If you cannot value a security, who cares what the last price paid or the current price offered for the security is?  If you cannot value a security, you are not investing, but rather blindly betting.
Many Western banks remain beyond full-audit. Those guilty of serious “white collar crime” have sailed away, their riches intact, leaving nothing in their wake but financial and human destruction. 
This is a direct result of the policies pursued since the beginning of the financial crisis.

In the desperation to 'save' the banks, financial regulators and policymakers failed to ask such basic questions as 'what is the source of trust in the financial system' or 'are bank bailouts necessary given the existence of deposit guarantees and access to central bank funding'.
Where is our modern-day Pecora Commission – the Congressional hearings held in the 1930s that unearthed and demystified the frauds, scams and abuses that culminated in the Wall Street crash? Where is our “truth and reconciliation commission” to get to the bottom of what happened, punish the guilty and stop “sub-prime” happening again? 
A former assistant district attorney from New York, Ferdinand Pecora had intellect and stamina in abundance.

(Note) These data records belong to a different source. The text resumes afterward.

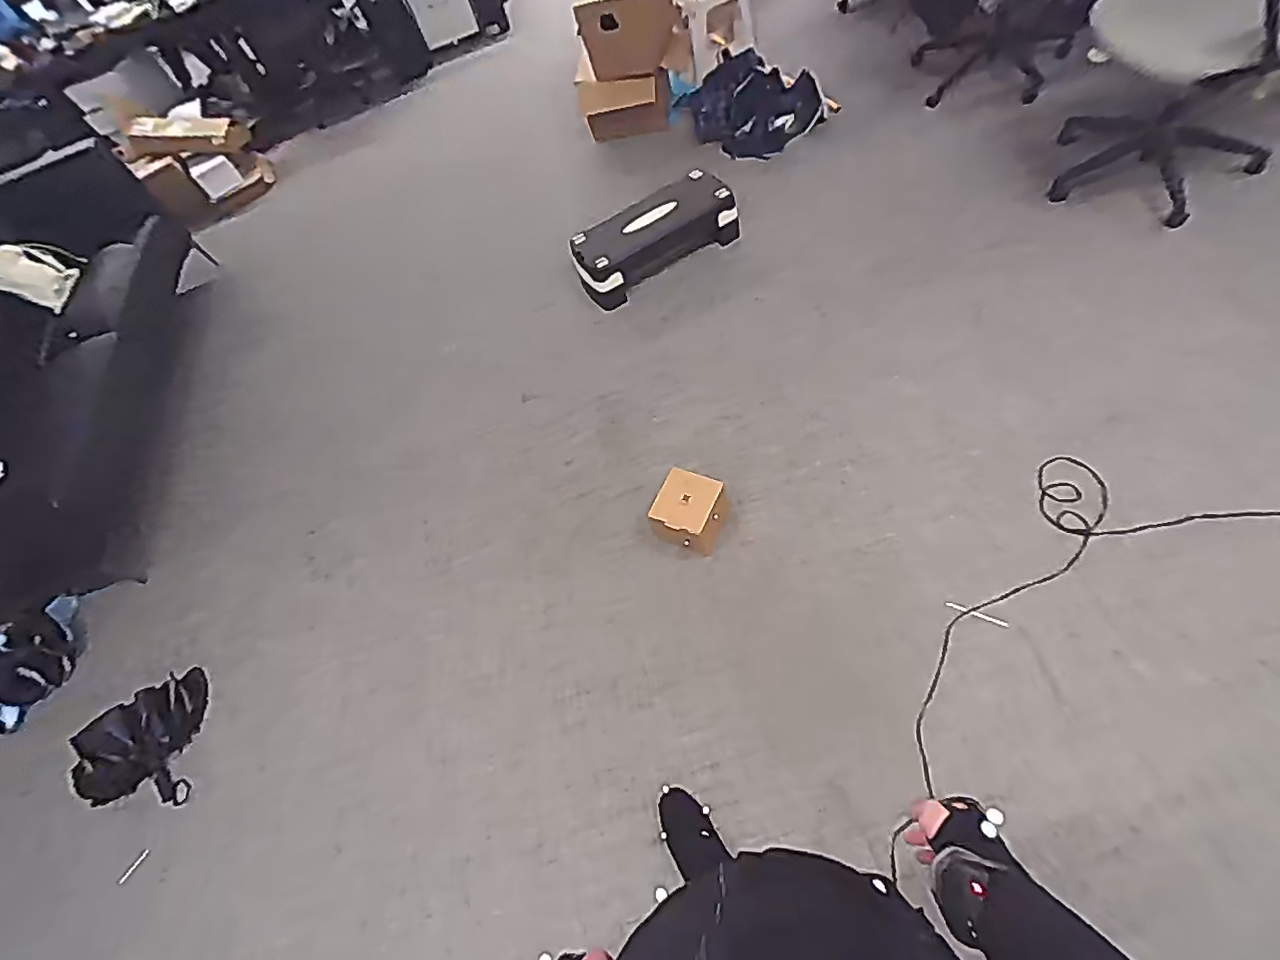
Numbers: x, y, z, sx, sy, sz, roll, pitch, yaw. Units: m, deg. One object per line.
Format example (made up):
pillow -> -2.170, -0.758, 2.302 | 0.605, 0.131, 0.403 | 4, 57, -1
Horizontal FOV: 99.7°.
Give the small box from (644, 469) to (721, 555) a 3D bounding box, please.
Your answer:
small box -> 0.135, 0.100, 1.610 | 0.168, 0.176, 0.179 | 19, 65, 23

His relentless and expert grilling of bankers and regulators, fully open to the public, electrified Depression-era America. Pecora was the immigrant son of a Sicilian cobbler, outside the establishment, which is why his investigation was fearless and, ultimately, effective. 
The famous financiers and banking scions, they didn’t faze Pecora. His probings exposed the murkiest corners of Wall Street, catalysing genuine reforms and restoring public trust in bankers and banking, so laying the foundations for America’s post-war prosperity and financial stability. 
Back in the present, the UK’s Treasury Select Committee, under-resourced and appointed by party whips, has tried and failed to lay a hand on the bankers. Now, a parliamentary committee is to more fully investigate “Liborgate”, but only after having been stripped of several members of the Treasury committee who have displayed a detailed knowledge of banking. With the best will in the world, it just isn’t going to work. But perhaps that’s the point.
Our political leaders refuse to take the basic step of funding an independent inquiry with strong investigative skills to fully investigate the causes of the Great Recession.

Why?

Money?  It cannot be for want of saving a few taxpayer dollars as no expense has been spared to bailout the banks and preserve banker bonuses.

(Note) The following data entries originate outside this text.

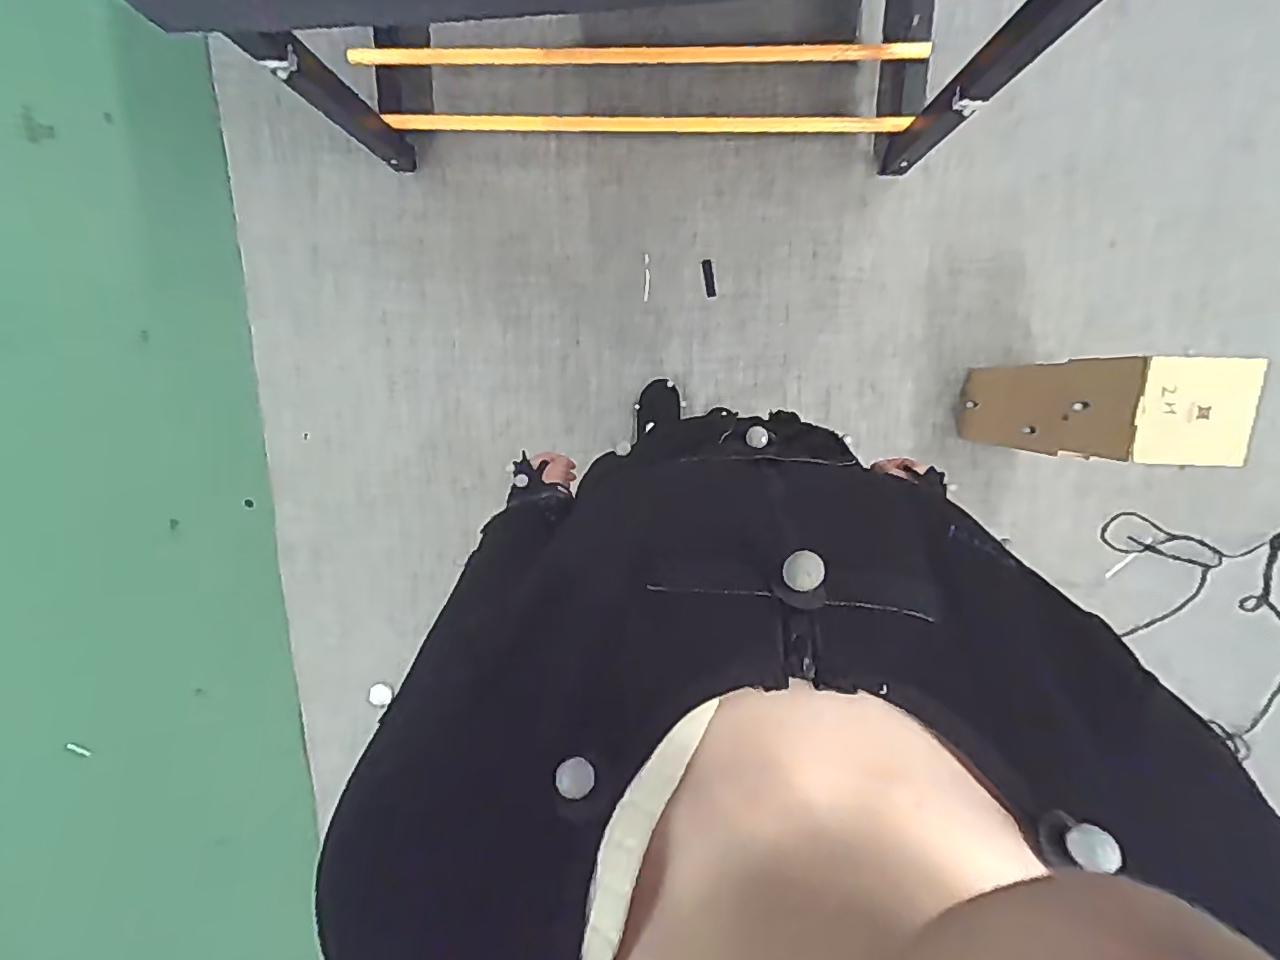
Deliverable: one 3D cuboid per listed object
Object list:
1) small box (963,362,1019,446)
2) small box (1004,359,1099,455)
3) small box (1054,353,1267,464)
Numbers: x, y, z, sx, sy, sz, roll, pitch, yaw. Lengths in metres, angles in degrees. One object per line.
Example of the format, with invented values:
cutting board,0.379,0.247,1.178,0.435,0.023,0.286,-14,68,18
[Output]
small box,0.864,-0.173,1.223,0.168,0.176,0.179,3,102,2
small box,0.853,-0.146,1.063,0.168,0.176,0.179,0,100,1
small box,0.847,-0.123,0.900,0.179,0.176,0.168,2,101,2

Fear?  Are the political leaders and financial regulators worried about what will be exposed?  The Nyberg Report on the Irish financial crisis has already showed that the political leaders, financial regulators and banks were in it together.

Personal greed?  As shown by former UK prime minister Tony Blair, where else but the banks is a politician going to go to earn 2.5 million pounds per year as a part-time senior advisor?